[[ Material provided open ]]

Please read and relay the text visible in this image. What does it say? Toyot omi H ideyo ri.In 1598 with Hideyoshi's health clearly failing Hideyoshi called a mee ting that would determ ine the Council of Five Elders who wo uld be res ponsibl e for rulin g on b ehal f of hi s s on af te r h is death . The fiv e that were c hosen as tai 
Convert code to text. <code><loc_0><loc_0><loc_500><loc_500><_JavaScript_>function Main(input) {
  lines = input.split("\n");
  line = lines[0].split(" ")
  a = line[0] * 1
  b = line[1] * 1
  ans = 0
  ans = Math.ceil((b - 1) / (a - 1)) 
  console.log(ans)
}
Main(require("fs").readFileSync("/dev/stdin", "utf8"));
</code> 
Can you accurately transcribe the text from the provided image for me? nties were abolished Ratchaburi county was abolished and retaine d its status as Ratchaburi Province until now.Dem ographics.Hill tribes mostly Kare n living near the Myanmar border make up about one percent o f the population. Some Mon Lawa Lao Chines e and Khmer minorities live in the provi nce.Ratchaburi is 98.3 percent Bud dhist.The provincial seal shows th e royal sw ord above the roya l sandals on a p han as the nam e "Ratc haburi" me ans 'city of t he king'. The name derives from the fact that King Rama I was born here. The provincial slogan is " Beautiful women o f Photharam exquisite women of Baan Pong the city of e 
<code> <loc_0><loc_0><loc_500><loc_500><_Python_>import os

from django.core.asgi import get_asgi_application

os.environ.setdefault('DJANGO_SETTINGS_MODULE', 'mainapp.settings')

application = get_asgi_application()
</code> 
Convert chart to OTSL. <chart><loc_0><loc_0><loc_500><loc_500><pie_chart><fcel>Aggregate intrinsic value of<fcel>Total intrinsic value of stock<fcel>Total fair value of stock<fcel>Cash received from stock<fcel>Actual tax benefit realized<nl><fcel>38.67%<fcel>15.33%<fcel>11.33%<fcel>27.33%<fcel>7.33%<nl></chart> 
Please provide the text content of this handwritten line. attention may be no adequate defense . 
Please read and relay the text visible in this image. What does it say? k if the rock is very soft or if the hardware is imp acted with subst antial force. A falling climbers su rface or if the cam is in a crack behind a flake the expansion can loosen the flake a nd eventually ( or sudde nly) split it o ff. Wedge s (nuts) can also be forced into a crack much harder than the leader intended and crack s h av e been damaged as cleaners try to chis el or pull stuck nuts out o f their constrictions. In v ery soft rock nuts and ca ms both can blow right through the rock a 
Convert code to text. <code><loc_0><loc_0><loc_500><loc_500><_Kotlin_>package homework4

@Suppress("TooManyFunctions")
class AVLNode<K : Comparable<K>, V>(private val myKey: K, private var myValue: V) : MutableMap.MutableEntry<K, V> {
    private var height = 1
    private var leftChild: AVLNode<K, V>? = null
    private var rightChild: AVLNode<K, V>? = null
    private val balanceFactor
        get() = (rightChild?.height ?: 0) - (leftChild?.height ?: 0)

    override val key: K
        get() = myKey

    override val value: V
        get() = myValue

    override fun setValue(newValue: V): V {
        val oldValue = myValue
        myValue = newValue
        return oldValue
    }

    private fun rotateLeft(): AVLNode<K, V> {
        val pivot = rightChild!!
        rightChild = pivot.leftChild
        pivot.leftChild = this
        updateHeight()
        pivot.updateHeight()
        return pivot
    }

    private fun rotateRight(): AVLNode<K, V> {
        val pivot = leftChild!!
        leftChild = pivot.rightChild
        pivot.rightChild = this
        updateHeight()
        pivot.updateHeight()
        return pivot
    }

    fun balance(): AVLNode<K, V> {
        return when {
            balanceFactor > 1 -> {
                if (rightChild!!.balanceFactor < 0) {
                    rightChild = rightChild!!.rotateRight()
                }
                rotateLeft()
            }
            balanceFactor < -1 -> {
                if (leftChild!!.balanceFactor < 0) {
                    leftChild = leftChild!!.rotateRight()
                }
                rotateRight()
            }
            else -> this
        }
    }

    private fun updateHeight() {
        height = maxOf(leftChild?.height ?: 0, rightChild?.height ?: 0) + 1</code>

[[ Material provided closed ]]

• **What to do**
What is the number of lines in the records that contain the string "visible"? Give only that number.

• **Written answer**
2